Denn ein anderes Eingeständis, welches an Anfänger gemacht wurde, ist, dass der Schwierigkeitsgrad sehr niedrig ist. Normal ist zwar die tiefste Stufe, hätte aber eher den Titel leicht verdient. Selbst ohne den ein oder anderen Trick zu nutzen, um zu leveln, sind quasi nach den ersten paar Spielstunden alle eigenen Figuren dezent übermächtig und der Großteil des Spiels kinderleicht.

Wer aber diesen Fallen ausweicht, kann sich auf eine große Herausforderung freuen. Zudem ist gerade das Klassensystem sehr tiefgründig, habt ihr doch die Möglichkeit, eure Figuren unterschiedlich zu entwickeln, da jede Figur am Anfang eine Basisklasse hat, die in den meisten Fällen jeweils zwei weiterführende Klassen besitzt. Für die Perfektionisten gibt es sogar die Möglichkeit, die eigene Figur wieder in die Basisklasse auf Level 1 zurückzuversetzen, wobei gleichzeitig die Boni auf die Werte der Figur größtenteils beibehalten bleiben. Auf diese Art und Weise kann man seine Kämpfer wirklich ausgiebig trainieren. Gerade, wenn man einen Charakter hat, in den man viel Zeit gesteckt hat, bangt man umso mehr in jedem Duell um dessen Leben, da er einem Stück für Stücks ans Herz wächst.
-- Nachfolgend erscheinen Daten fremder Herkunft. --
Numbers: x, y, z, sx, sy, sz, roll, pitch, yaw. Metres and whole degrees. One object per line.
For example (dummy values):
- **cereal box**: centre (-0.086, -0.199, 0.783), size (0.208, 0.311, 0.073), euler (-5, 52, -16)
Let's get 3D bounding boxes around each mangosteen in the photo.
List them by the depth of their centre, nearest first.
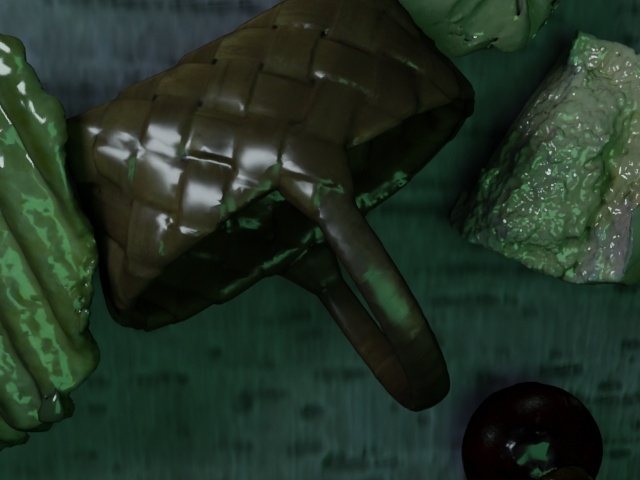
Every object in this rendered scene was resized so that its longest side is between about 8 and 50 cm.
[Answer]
- **mangosteen**: centre (0.222, 0.221, 1.156), size (0.153, 0.152, 0.152), euler (-6, 109, -19)

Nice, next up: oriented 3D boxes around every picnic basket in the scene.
- **picnic basket**: centre (0.000, 0.000, 0.893), size (0.337, 0.293, 0.337), euler (0, 77, -1)

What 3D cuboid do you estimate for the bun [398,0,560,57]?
- **bun**: centre (0.119, -0.263, 0.961), size (0.239, 0.141, 0.239), euler (-7, 107, -22)

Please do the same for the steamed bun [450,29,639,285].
- **steamed bun**: centre (0.260, -0.069, 1.066), size (0.200, 0.170, 0.225), euler (20, 97, -21)

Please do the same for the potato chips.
- **potato chips**: centre (-0.334, 0.017, 0.867), size (0.373, 0.097, 0.389), euler (1, 113, 13)

Die Auswahl an Figuren ist dabei wirklich groß, gibt es immerhin mehrere Dutzend Charakteren, die allesamt eigene Persönlichkeiten, Namen und Stimmen haben, also keine Generika sind wie man sie beispielsweise aus Disgaea oder Final Fantasy Tactics kennt. Zudem gibt es noch versteckte Kämpfer oder welche, die man nur durch spezielle Leistungen freischalten kann.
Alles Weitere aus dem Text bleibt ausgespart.